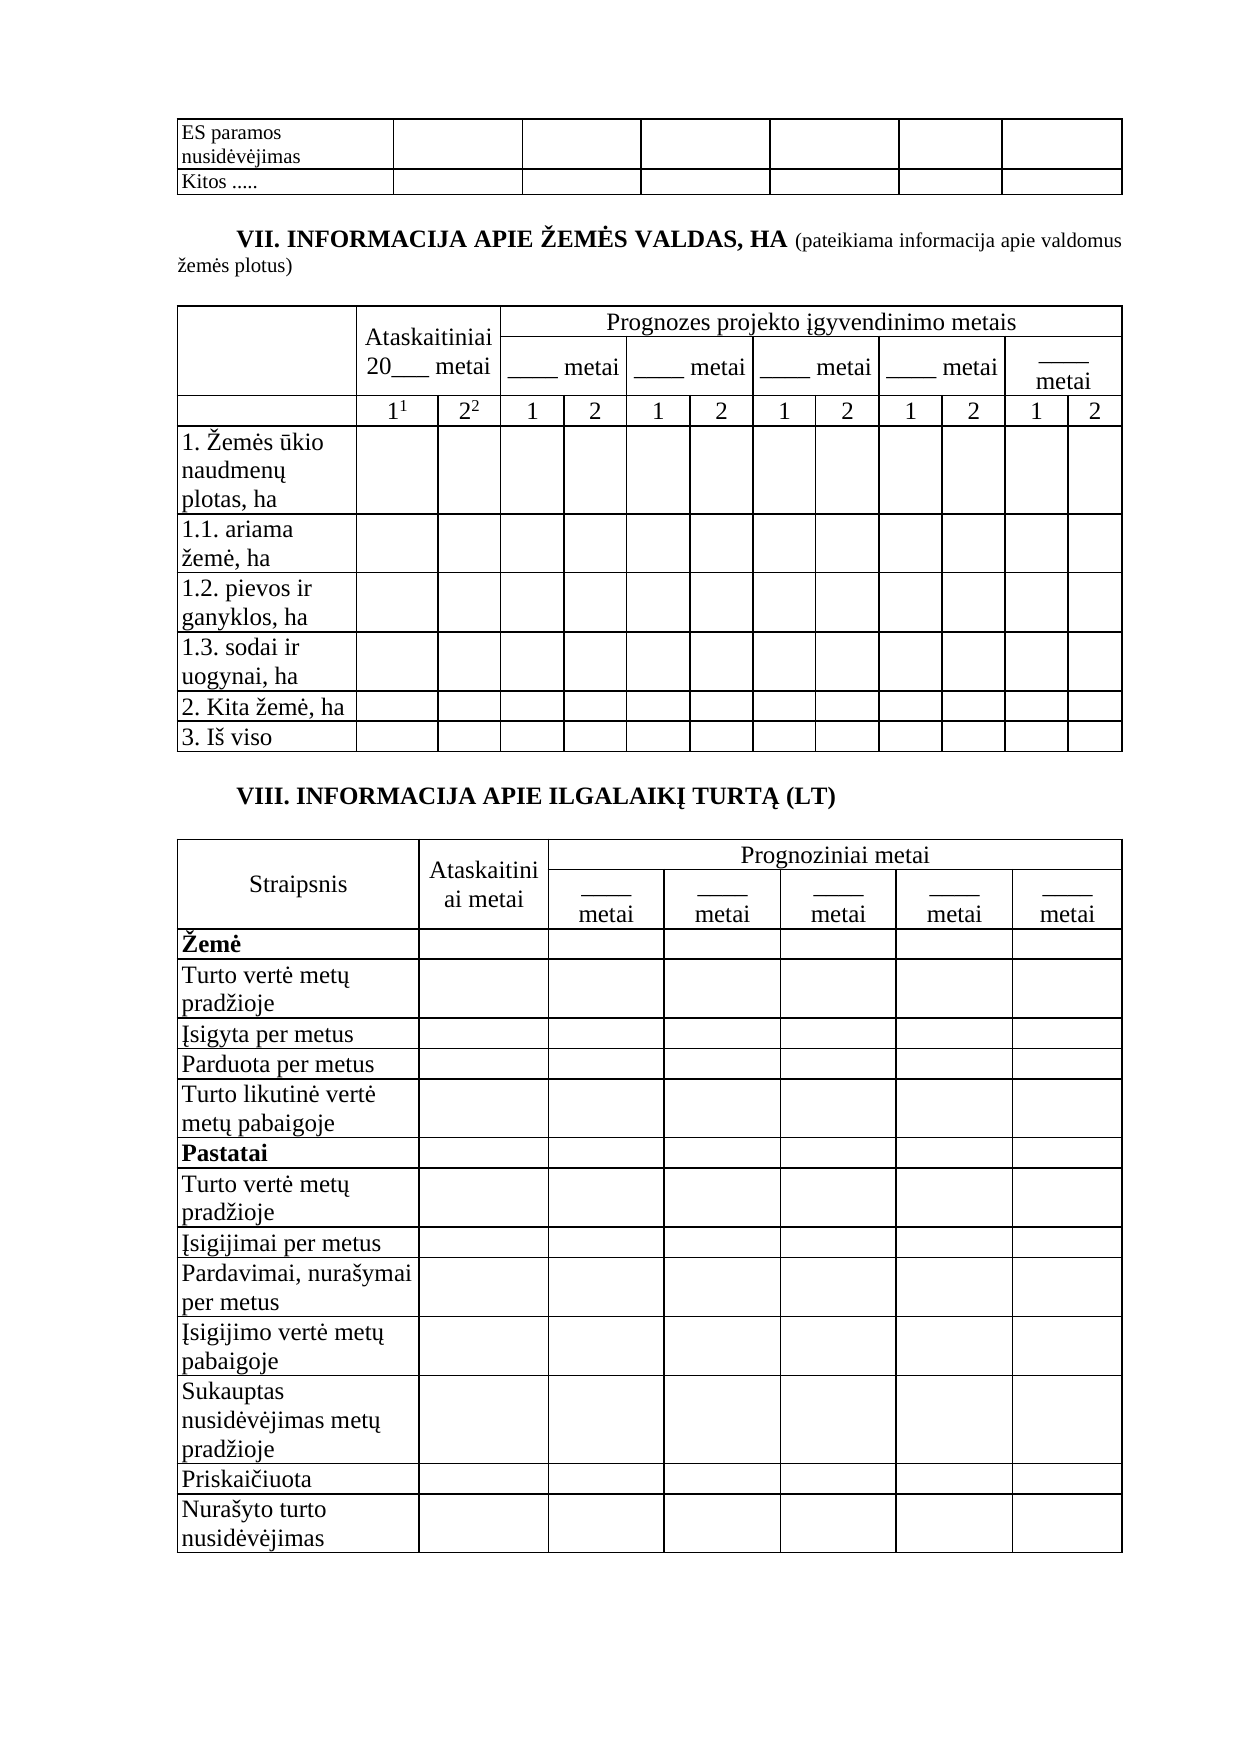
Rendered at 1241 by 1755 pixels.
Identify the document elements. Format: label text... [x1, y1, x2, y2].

--

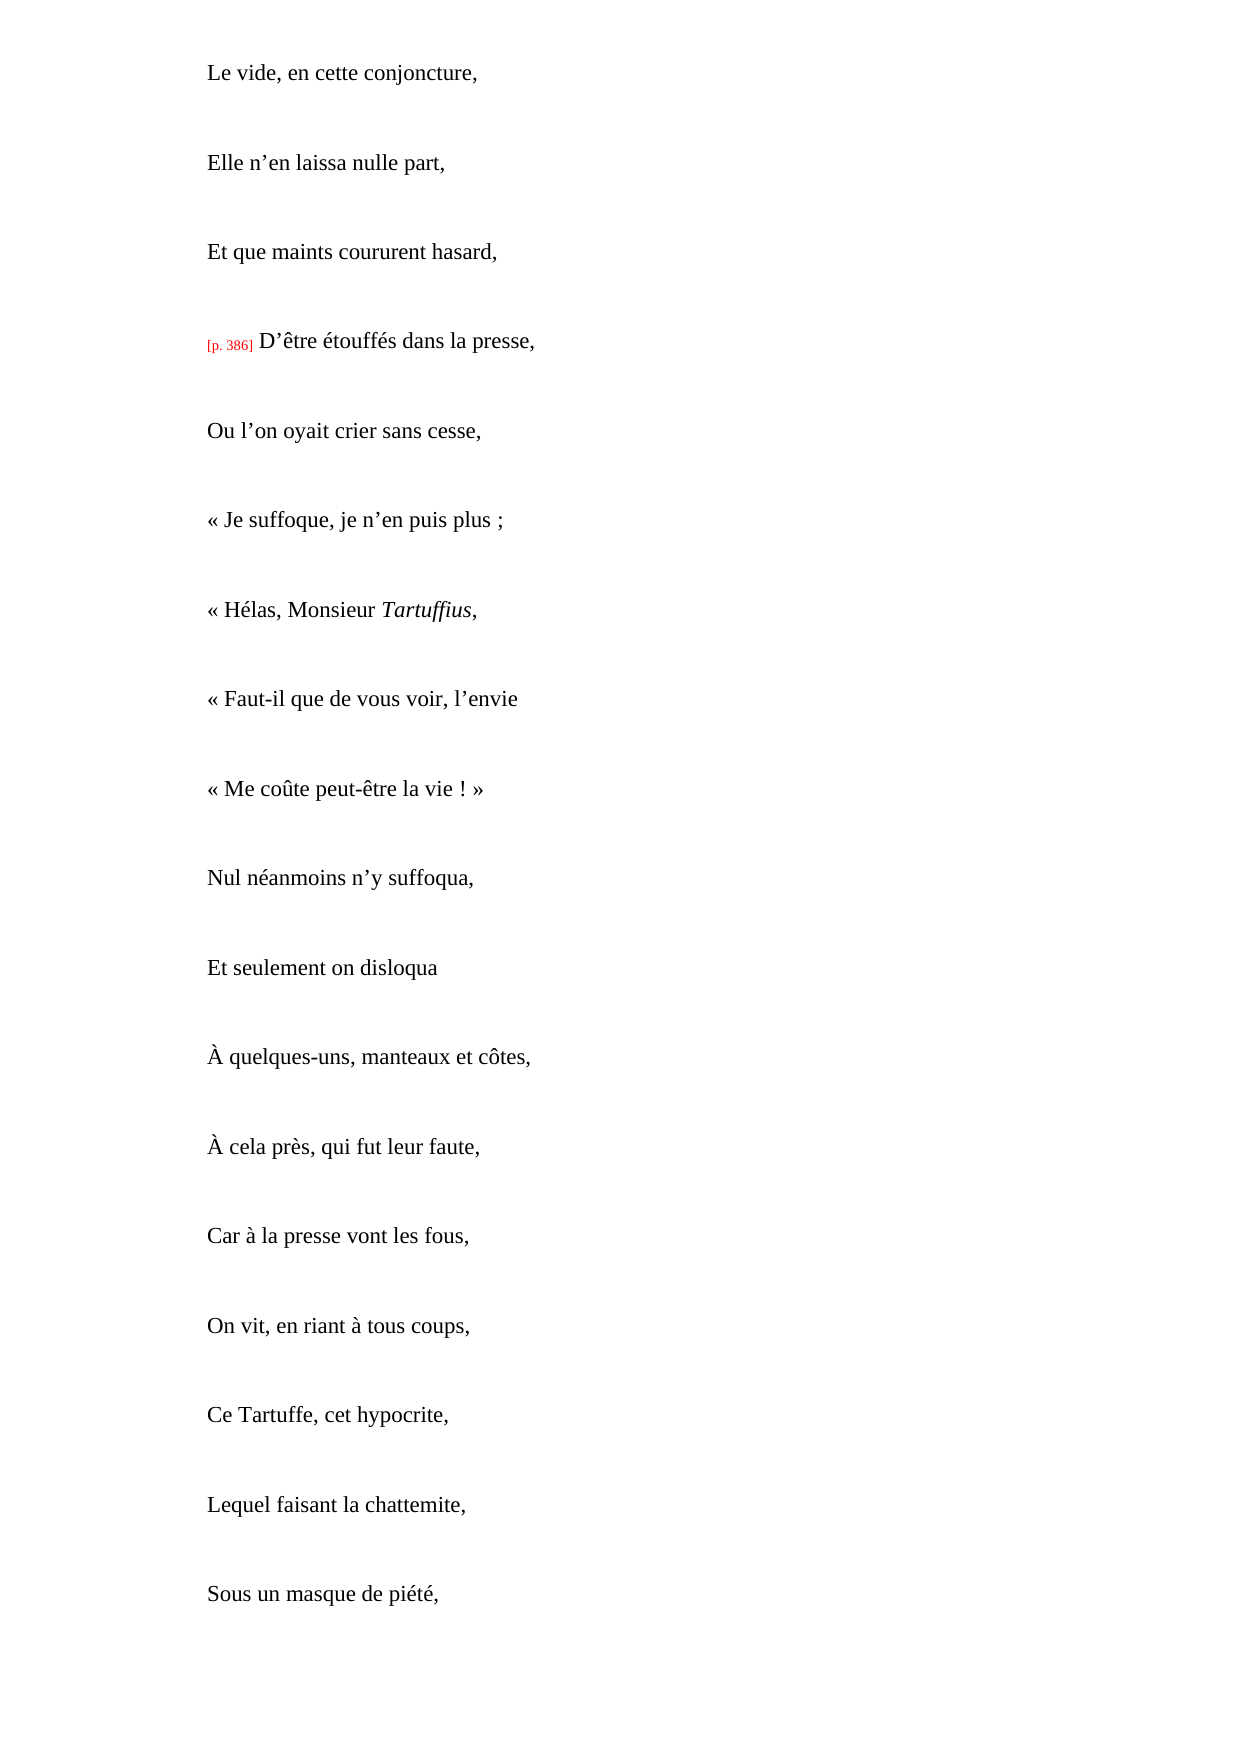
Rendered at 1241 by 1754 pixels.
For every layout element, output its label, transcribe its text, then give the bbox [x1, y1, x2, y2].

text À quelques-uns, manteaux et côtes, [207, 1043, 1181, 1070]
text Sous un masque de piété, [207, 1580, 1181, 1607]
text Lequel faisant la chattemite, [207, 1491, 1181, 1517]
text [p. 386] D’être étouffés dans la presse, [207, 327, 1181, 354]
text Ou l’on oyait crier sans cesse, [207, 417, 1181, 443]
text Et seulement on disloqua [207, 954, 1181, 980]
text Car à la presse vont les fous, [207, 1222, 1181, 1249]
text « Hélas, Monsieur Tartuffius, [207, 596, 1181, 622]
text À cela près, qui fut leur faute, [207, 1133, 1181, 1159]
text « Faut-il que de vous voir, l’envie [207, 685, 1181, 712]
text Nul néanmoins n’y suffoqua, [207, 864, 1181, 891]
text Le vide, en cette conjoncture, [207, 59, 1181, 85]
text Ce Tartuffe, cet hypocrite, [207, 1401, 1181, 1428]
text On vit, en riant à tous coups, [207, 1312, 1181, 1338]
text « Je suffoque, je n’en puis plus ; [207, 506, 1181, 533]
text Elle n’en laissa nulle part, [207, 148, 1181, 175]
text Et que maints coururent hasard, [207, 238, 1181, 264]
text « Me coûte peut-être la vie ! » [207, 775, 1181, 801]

### Task item
Your answer should be the lines above, from the line containing "Rendered at 1241 by 1755 pixels." up to and including the line containing "Identify the document", reproduced exactly and with nothing else.

### Answer section
Rendered at 1241 by 1755 pixels.
Identify the document elements. Format: label text... [x1, y1, x2, y2].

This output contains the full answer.